Please note that these provisions are given as an example to provide an idea of what a franchise agreement looks like. These contracts are complex and require expert knowledge as well as adaptation to the business concept and the specifics of the contracting entities. It is irresponsible, and impossible, to describe such a contract in detail in one educational text.
Franchise fee and other payments
The franchise agreement precisely defines the type and amount of fees to be paid and the method of payment, whether in a lump sum or continuously, and by what percentage. The contract outlines all payments that need to be made for the franchise business to operate, including the initial inventory and all necessary supplies.
Intellectual property
One of the most important aspects of this agreement is the trademark for which the franchisee pays a fee to use.

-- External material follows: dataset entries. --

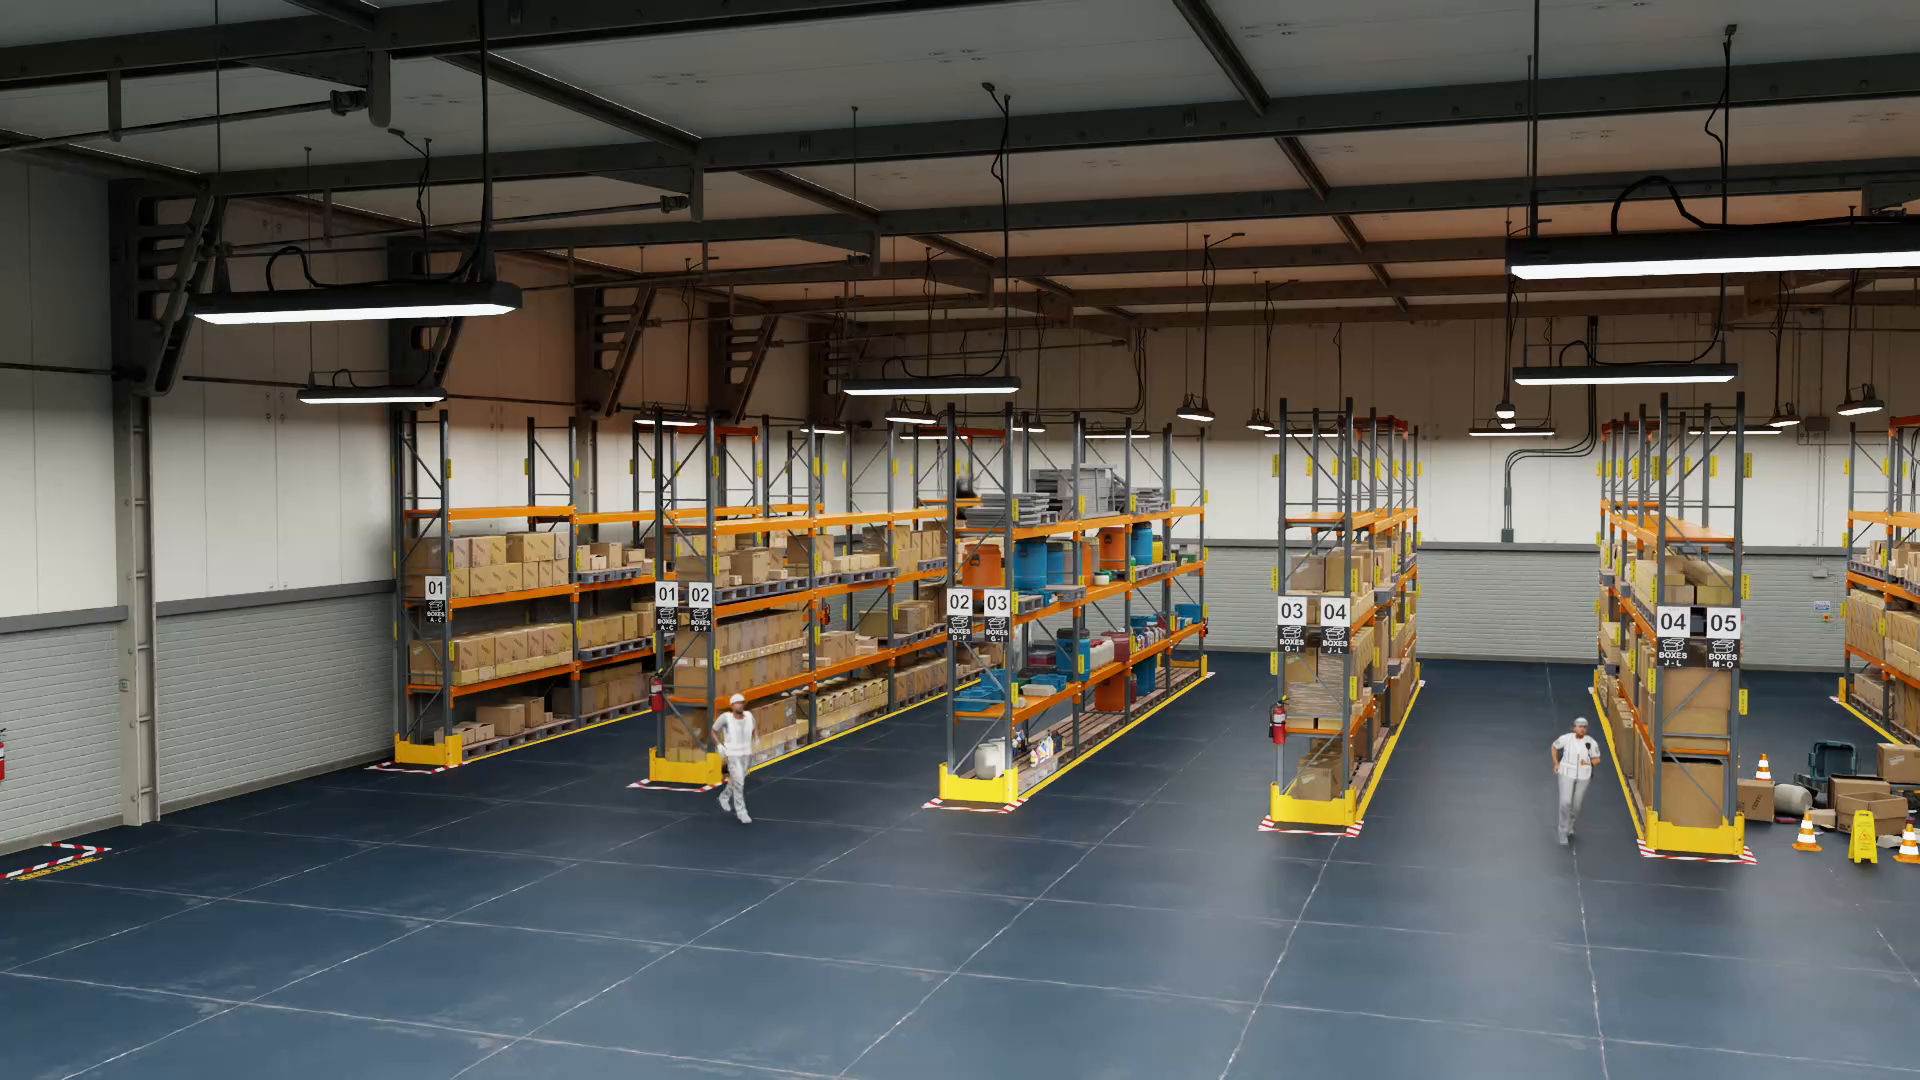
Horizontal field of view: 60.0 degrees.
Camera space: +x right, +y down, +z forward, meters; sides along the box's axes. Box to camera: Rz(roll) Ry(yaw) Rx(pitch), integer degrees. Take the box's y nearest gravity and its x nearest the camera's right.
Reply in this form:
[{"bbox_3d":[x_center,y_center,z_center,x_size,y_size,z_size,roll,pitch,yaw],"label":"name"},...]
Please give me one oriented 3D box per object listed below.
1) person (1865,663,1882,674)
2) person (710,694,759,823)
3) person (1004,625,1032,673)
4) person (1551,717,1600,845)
[{"bbox_3d":[20.245,2.628,36.592,0.657,1.593,0.741,2,3,35],"label":"person"},{"bbox_3d":[-3.184,3.070,23.712,0.675,1.789,0.924,-2,3,-43],"label":"person"},{"bbox_3d":[1.267,2.450,36.589,0.610,1.664,0.771,0,2,8],"label":"person"},{"bbox_3d":[8.303,3.234,22.415,0.601,1.708,0.733,0,2,10],"label":"person"}]

Attention must be paid to the restrictions regarding their use; for example, it may be required that the franchisee does not use the trademarks in the name of their company and must adhere to the rules imposed by the franchisor.

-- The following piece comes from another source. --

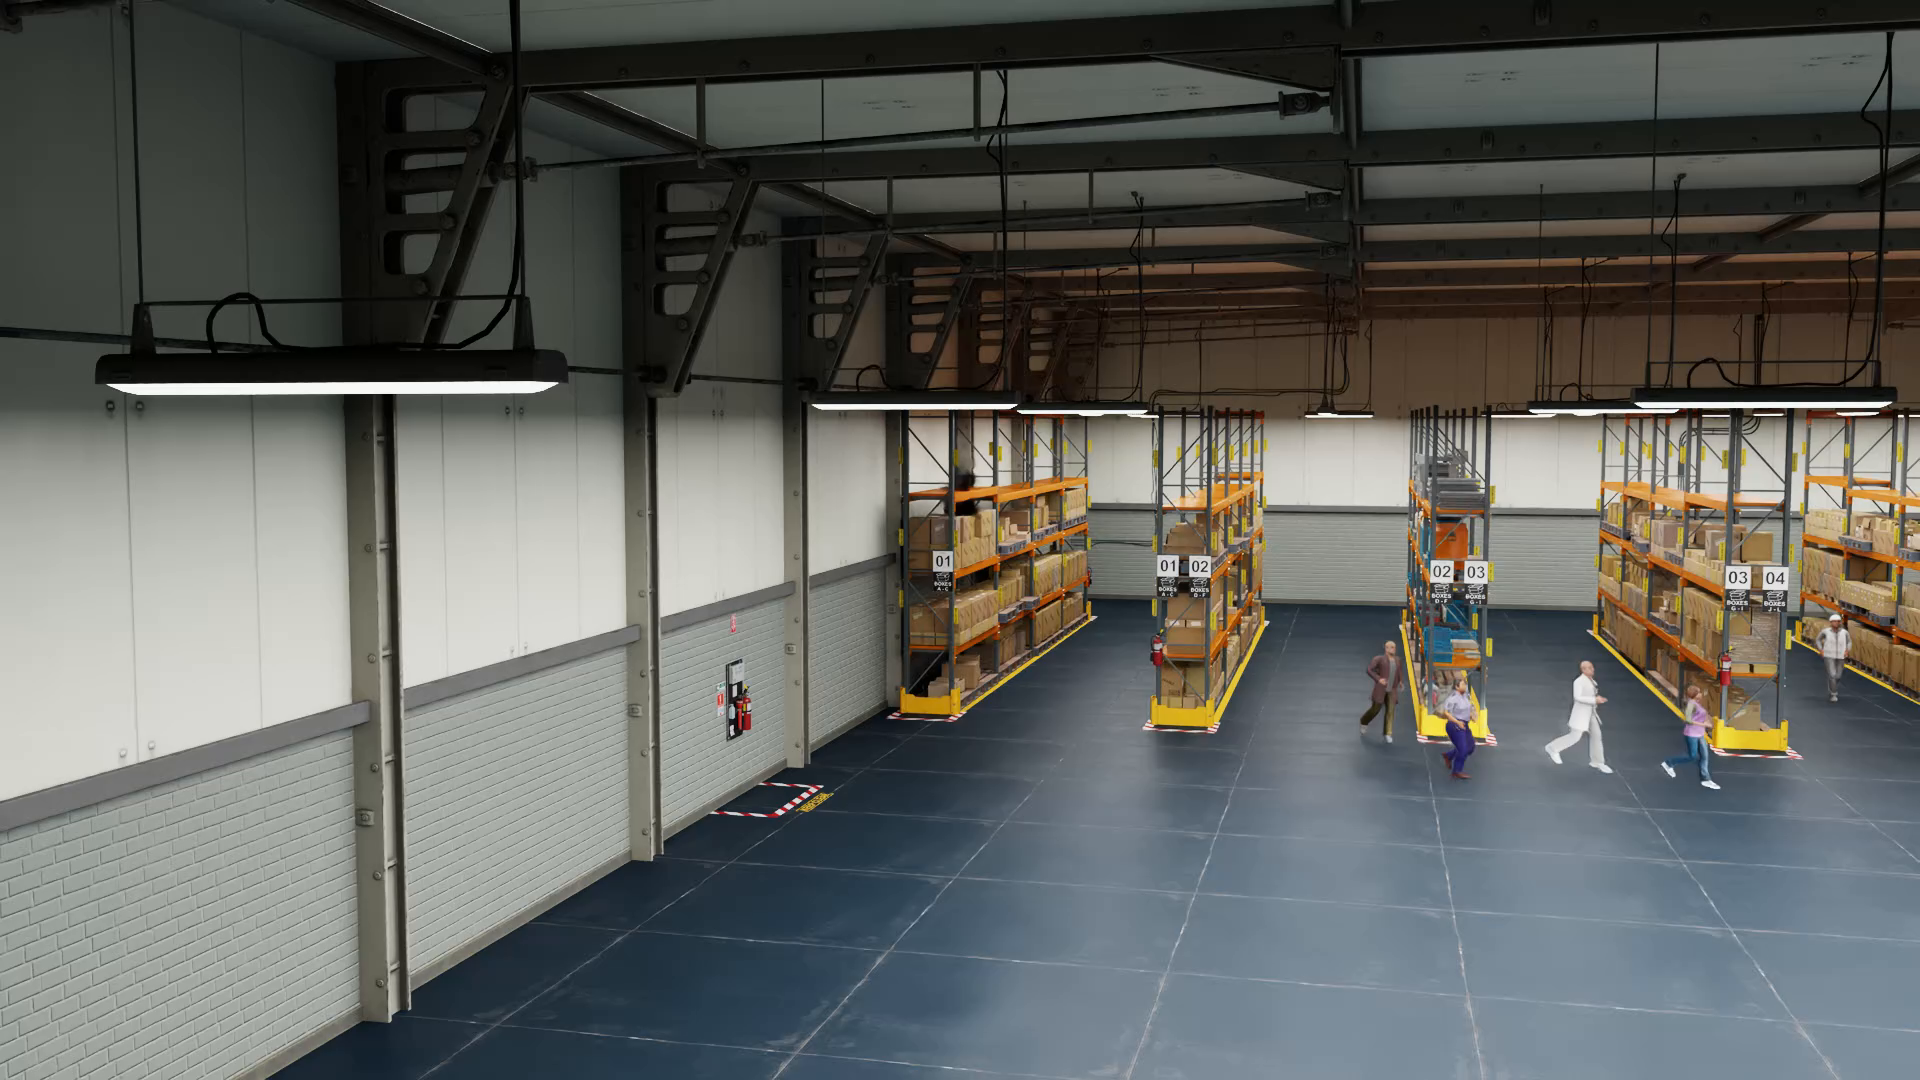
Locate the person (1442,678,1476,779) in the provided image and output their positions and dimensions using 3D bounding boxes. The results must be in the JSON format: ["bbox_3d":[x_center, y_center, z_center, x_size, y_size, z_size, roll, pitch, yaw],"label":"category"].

In international practice, a so-called brand manual is often mentioned. This is a document provided by the franchisor to the franchisee for operational purposes. It should be noted that this is a living document, subject to periodic updates.
On the other hand, franchisees will usually want to protect themselves in case a third party files a lawsuit for intellectual property infringement.
Selection of business location
The agreement may include provisions regarding the selection of an appropriate location for the franchise business to meet the franchisor’s standards. For example, the franchisor may require approval of the location before the franchisee signs a lease agreement.
Along with location selection, there may be provisions regarding modifications or renovations; the franchisor might require the business premises to be renovated during the contract period, and the franchisee should protect themselves by ensuring this doesn’t occur during periods of slower business or impose excessive costs.
Promotion and marketing
Marketing activities are crucial for brand recognition in the market, acquiring customers, and maintaining the desired image for all franchisees. The franchise agreement may specify a minimum amount to be invested in marketing, either as a percentage of revenue or as fixed amounts to be invested over a certain period.
Termination of agreement
A franchise agreement typically includes, like any other contract, a termination clause. It is important to understand the language of the agreement and all the consequences of termination, which also points to the importance of understanding contract law.
As an example, we cite the reasoning in Supreme Court ruling 92/2001, which states that upon the expiration of the agreed term of the franchise agreement, the franchisee is obligated to return all assets provided by the franchisor and to cease using any words, elements, trademarks, logos, distinctive signs, or company name obtained under the franchise agreement in their business.
Dispute resolution clause
Franchise agreements usually include a clause regarding the choice of governing law and the venue for dispute resolution. It is often required that the contracting parties attempt to resolve disputes through mediation or arbitration as methods of alternative dispute resolution.
In any case, attention must be paid to the choice of governing law and forum; if you are interested in why the choice of governing law is important in contracts with a foreign element, we recommend reading this article.
Note: This text does not constitute legal advice but rather the personal opinion of the author.